Critical resolved shear stresses for slip and twinning in Mg-Y-Ca alloys and their effect on the ductility

The deformation mechanisms of an extruded Mg-5Y-0.08Ca (wt.%) alloy were analyzed by means of micropillar compression tests on single crystals along different orientations -selected to activate specific deformation modes- as well as slip trace analysis, transmission electron microscopy and transmission Kikuchi diffraction. The polycrystalline alloy presented a remarkable ductility in tension (similar to 32%) and negligible differences in the yield strength between tension and compression. It was found that the presence of Y and Ca in solid solution led to a huge increase in the CRSS for < a > basal slip (29 +/- 5 MPa), < c + a > pyramidal slip (203 +/- 7 MPa) and tensile twin nucleation (above 148 MPa), while the CRSS for < a > prismatic slip only increases up to 105 +/- 4 MPa. The changes in the CRSS for slip and tensile twinning in Mg-Y-Ca alloys expectedly modify the dominant deformation mechanisms in polycrystals. In particular, tensile twinning is replaced by < a > prismatic slip during compressive deformation along the alpha-axis.

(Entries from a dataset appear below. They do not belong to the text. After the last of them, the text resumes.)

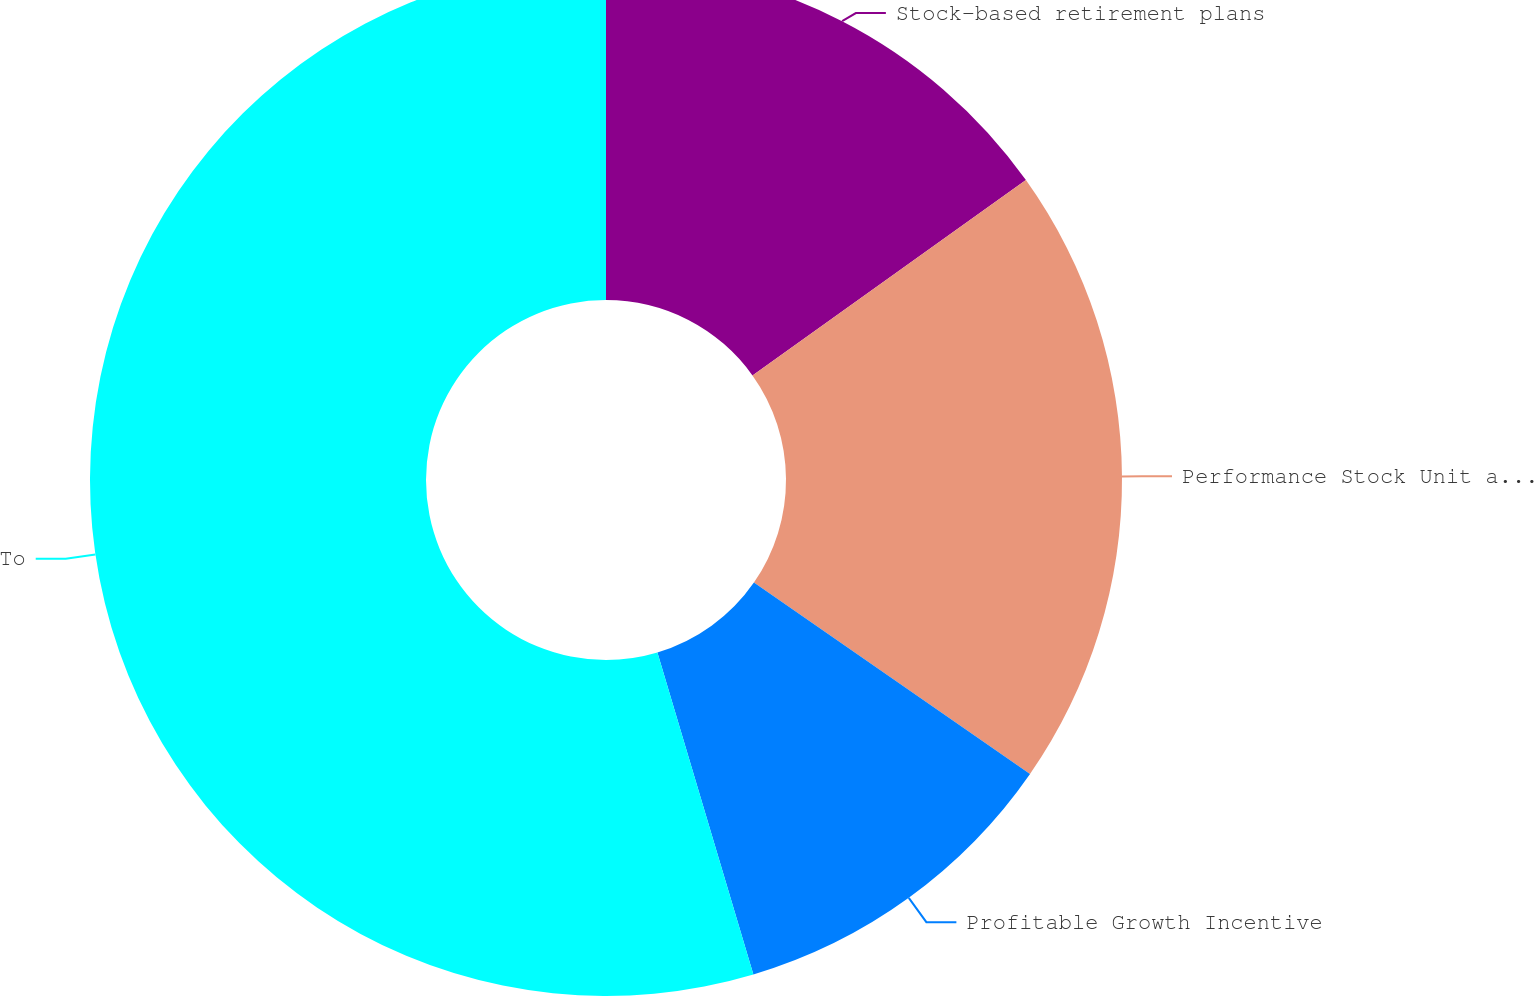<chart> <loc_0><loc_0><loc_500><loc_500><pie_chart><fcel>Stock-based retirement plans<fcel>Performance Stock Unit awards<fcel>Profitable Growth Incentive<fcel>Total stock-based compensation<nl><fcel>15.13%<fcel>19.52%<fcel>10.74%<fcel>54.61%<nl></chart> 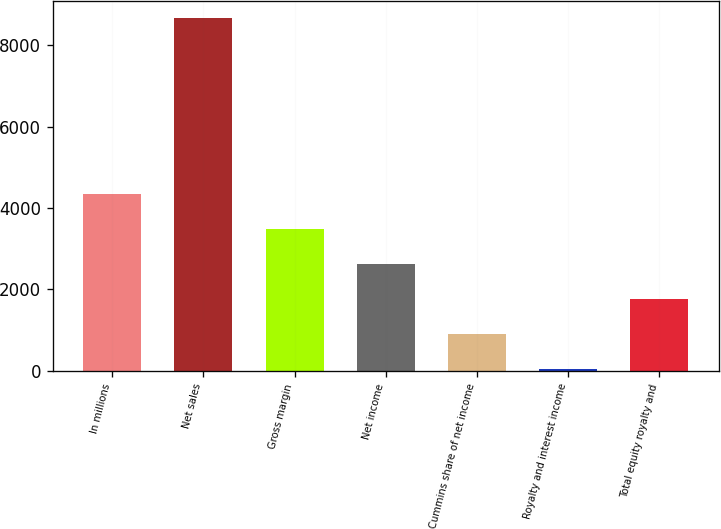Convert chart to OTSL. <chart><loc_0><loc_0><loc_500><loc_500><bar_chart><fcel>In millions<fcel>Net sales<fcel>Gross margin<fcel>Net income<fcel>Cummins share of net income<fcel>Royalty and interest income<fcel>Total equity royalty and<nl><fcel>4350<fcel>8659<fcel>3488.2<fcel>2626.4<fcel>902.8<fcel>41<fcel>1764.6<nl></chart> 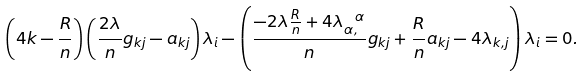<formula> <loc_0><loc_0><loc_500><loc_500>\left ( 4 k - \frac { R } { n } \right ) \left ( \frac { 2 \lambda } { n } g _ { k j } - a _ { k j } \right ) \lambda _ { i } - \left ( \frac { - 2 \lambda \frac { R } { n } + 4 \lambda _ { \alpha , } ^ { \ \alpha } } { n } g _ { k j } + \frac { R } { n } a _ { k j } - 4 \lambda _ { k , j } \right ) \lambda _ { i } = 0 .</formula>

The reduction of twinning (which generally induces strong anisotropy in the plastic deformation in textured alloys), and the activation of < a > prismatic slip (which provides an additional plastic deformation mechanism with limited hardening) were responsible for the large tensile ductility of the alloy.

Automated summary

The presence of Y and Ca in a magnesium-based alloy led to a significant increase in the critical resolved shear stress (CRSS) for different deformation mechanisms, including basal slip, pyramidal slip, and tensile twin nucleation. This change in CRSS altered the dominant deformation mechanisms in polycrystals, replacing tensile twinning with prismatic slip during compressive deformation. The reduction of twinning and the activation of prismatic slip were responsible for the high tensile ductility of the alloy.